## Exercise aim:
Note on the material below: return exactly the lines from the line that holds "size: [sx, sy, sz]" through the line that holds "As part of a", and leave out each picture.

## Task inputs:
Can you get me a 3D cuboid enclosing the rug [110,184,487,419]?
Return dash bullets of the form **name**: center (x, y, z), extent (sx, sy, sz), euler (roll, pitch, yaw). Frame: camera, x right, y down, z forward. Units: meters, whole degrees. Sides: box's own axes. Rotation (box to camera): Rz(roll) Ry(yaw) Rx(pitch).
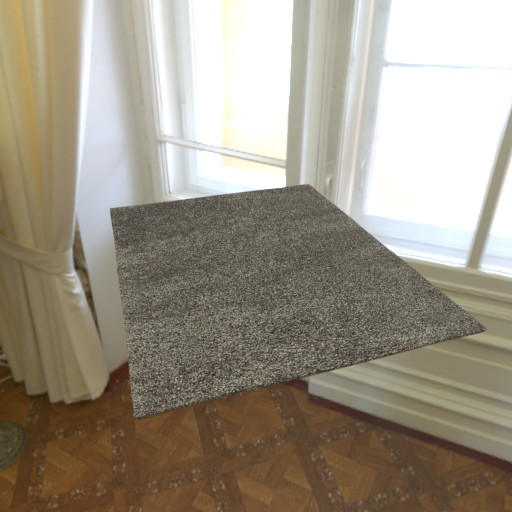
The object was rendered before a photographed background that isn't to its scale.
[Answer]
- **rug**: center (0.000, 0.000, 3.988), extent (2.401, 0.025, 3.000), euler (-9, 31, -16)
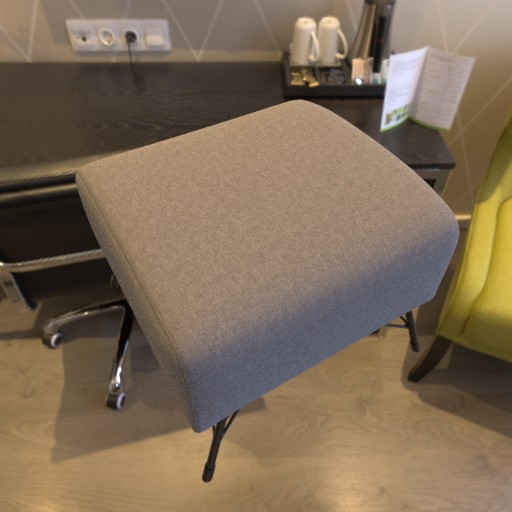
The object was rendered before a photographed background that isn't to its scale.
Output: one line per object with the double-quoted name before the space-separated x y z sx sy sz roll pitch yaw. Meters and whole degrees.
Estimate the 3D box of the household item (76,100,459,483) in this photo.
"household item" 0.000 0.000 0.882 0.530 0.410 0.530 -24 52 -20
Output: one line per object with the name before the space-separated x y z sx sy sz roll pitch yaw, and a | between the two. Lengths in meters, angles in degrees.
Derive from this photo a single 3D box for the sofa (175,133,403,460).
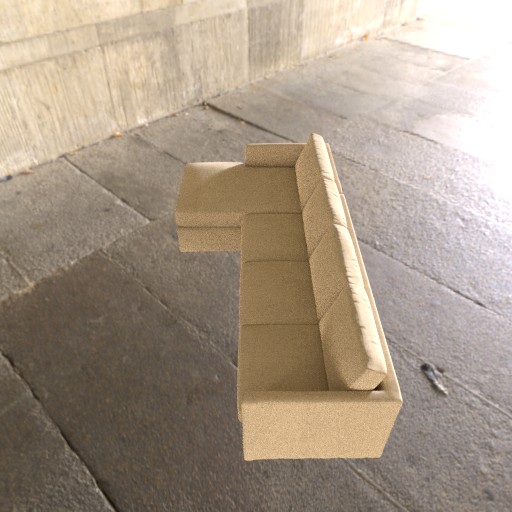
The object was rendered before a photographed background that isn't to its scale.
sofa | 0.000 0.000 3.883 1.650 0.922 3.205 0 41 0
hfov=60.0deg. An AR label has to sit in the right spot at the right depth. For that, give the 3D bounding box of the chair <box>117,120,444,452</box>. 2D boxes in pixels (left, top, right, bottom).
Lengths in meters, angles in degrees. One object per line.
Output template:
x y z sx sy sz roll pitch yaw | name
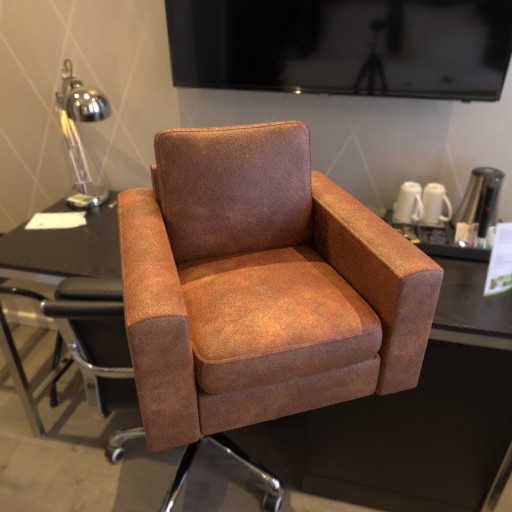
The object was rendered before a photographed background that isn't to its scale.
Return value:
0.000 0.000 1.743 1.005 0.873 1.016 -8 31 -14 | chair
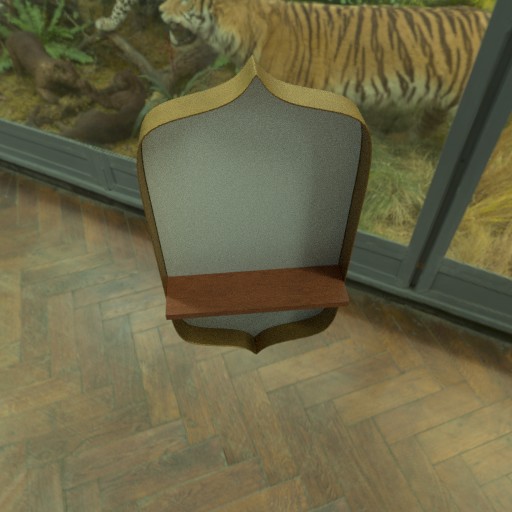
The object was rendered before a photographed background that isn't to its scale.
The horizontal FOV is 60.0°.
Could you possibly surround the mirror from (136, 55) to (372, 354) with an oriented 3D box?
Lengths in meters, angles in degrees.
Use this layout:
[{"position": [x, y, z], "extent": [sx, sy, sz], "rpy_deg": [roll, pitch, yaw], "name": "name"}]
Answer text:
[{"position": [0.000, 0.000, 0.728], "extent": [0.323, 0.613, 0.096], "rpy_deg": [-4, 47, -4], "name": "mirror"}]
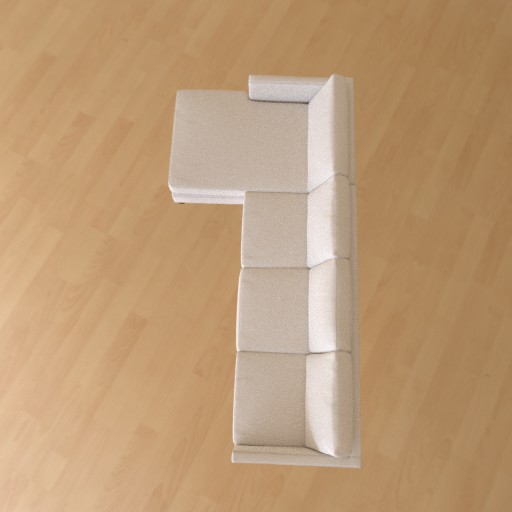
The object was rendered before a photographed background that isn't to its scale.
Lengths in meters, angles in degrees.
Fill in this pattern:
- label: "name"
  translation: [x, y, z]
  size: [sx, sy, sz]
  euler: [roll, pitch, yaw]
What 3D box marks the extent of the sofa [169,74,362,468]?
- label: "sofa"
  translation: [0.000, 0.000, 3.761]
  size: [1.625, 0.846, 3.186]
  euler: [2, 76, 1]
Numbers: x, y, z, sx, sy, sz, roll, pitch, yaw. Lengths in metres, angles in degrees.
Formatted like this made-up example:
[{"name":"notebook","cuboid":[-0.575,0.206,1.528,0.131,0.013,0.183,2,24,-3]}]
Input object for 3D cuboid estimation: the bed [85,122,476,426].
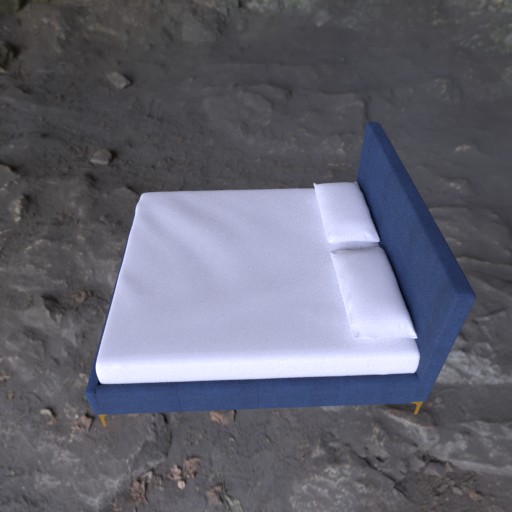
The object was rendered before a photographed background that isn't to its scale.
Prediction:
[{"name":"bed","cuboid":[0.000,0.000,3.444,2.232,1.231,2.096,-2,42,-2]}]
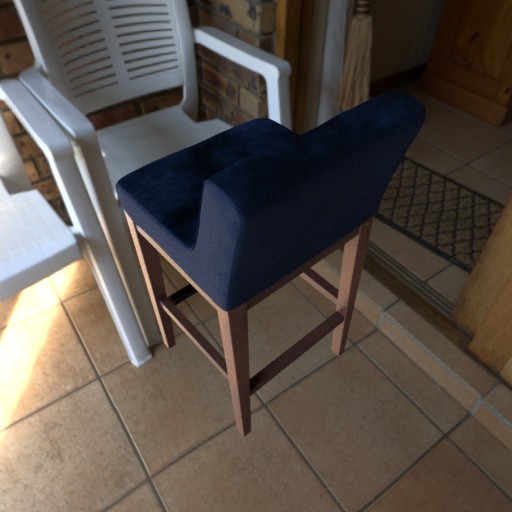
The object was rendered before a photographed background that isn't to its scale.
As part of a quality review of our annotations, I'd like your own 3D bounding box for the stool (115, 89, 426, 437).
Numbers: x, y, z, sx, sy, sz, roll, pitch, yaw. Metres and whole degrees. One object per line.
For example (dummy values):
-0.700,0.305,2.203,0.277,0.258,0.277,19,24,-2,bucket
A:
0.000,0.000,1.232,0.511,0.945,0.516,-32,53,-27,stool
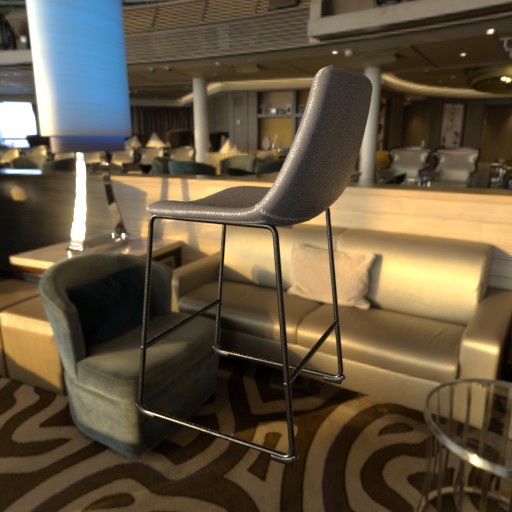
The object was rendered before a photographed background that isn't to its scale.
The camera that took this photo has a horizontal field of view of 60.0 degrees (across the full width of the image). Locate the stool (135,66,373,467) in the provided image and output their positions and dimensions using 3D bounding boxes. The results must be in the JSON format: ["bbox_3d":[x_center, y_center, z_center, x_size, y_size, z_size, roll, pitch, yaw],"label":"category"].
[{"bbox_3d":[0.000,0.000,1.185,0.546,0.876,0.470,7,16,26],"label":"stool"}]
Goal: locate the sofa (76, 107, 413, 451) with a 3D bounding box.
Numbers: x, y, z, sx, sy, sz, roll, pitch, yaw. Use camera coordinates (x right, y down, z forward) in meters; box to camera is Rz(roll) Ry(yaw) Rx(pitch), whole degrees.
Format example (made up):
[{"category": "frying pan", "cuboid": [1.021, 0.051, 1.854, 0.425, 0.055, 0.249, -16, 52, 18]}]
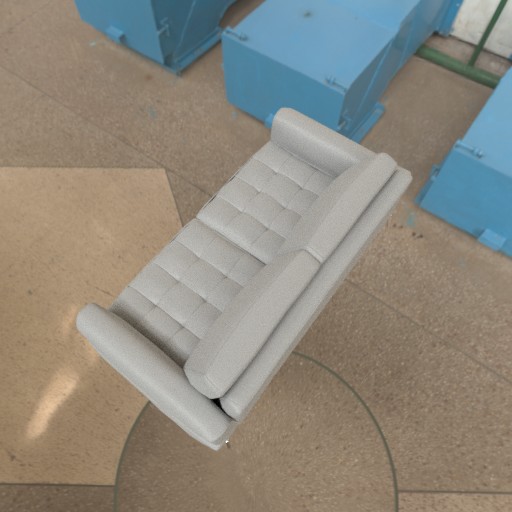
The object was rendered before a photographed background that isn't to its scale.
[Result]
[{"category": "sofa", "cuboid": [0.000, 0.000, 2.890, 1.121, 0.930, 2.177, 34, 68, 16]}]
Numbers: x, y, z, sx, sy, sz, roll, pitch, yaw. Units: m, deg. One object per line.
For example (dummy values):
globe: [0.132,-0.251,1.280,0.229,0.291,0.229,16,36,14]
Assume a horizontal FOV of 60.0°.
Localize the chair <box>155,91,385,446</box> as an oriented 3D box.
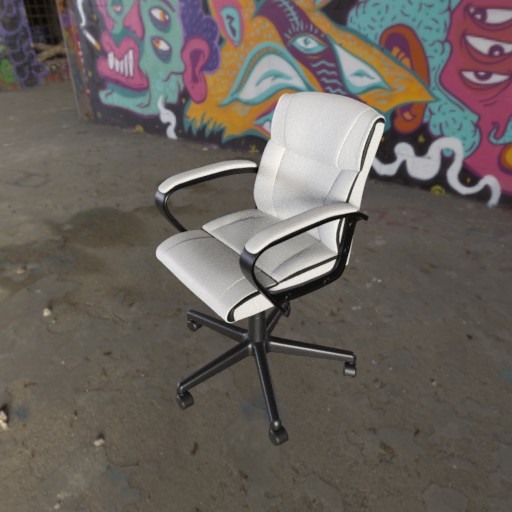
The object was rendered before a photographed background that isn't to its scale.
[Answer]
chair: [0.000,0.000,1.540,0.717,1.004,0.739,-20,36,-31]

## Answer section:
  size: [sx, sy, sz]
  euler: [roll, pitch, yaw]
What 3D box marks the extent of the sofa [169,74,362,468]?
- label: "sofa"
  translation: [0.000, 0.000, 3.761]
  size: [1.625, 0.846, 3.186]
  euler: [2, 76, 1]
Numbers: x, y, z, sx, sy, sz, roll, pitch, yaw. Lengths in metres, angles in degrees.
Formatted like this made-up example:
[{"name":"notebook","cuboid":[-0.575,0.206,1.528,0.131,0.013,0.183,2,24,-3]}]
Input object for 3D cuboid estimation: the bed [85,122,476,426].
The object was rendered before a photographed background that isn't to its scale.
Prediction:
[{"name":"bed","cuboid":[0.000,0.000,3.444,2.232,1.231,2.096,-2,42,-2]}]
The object was rendered before a photographed background that isn't to its scale.
As part of a quality review of our annotations, I'd like your own 3D bounding box for the stool (115, 89, 426, 437).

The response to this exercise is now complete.